- **Work instructions**: Reproduce exactly the lines below, starting at the line that contains "updated_at: $date</code>" and ending with the last line of the records, both included; leave out any pictures.

Records contained in a dataset:
Start of Block

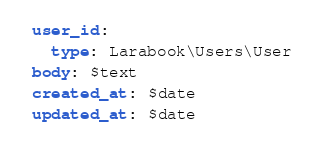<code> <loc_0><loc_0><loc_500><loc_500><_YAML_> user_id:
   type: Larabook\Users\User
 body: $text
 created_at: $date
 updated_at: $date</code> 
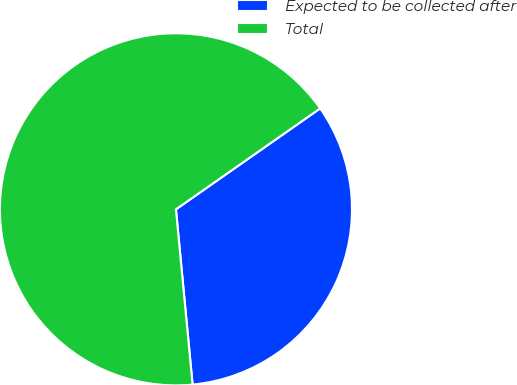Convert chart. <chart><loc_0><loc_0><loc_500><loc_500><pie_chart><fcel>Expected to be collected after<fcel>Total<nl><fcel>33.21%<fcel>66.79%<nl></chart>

End of Block

- **Answer to the exercise**:
 updated_at: $date</code> 
Convert chart. <chart><loc_0><loc_0><loc_500><loc_500><pie_chart><fcel>Expected to be collected after<fcel>Total<nl><fcel>33.21%<fcel>66.79%<nl></chart>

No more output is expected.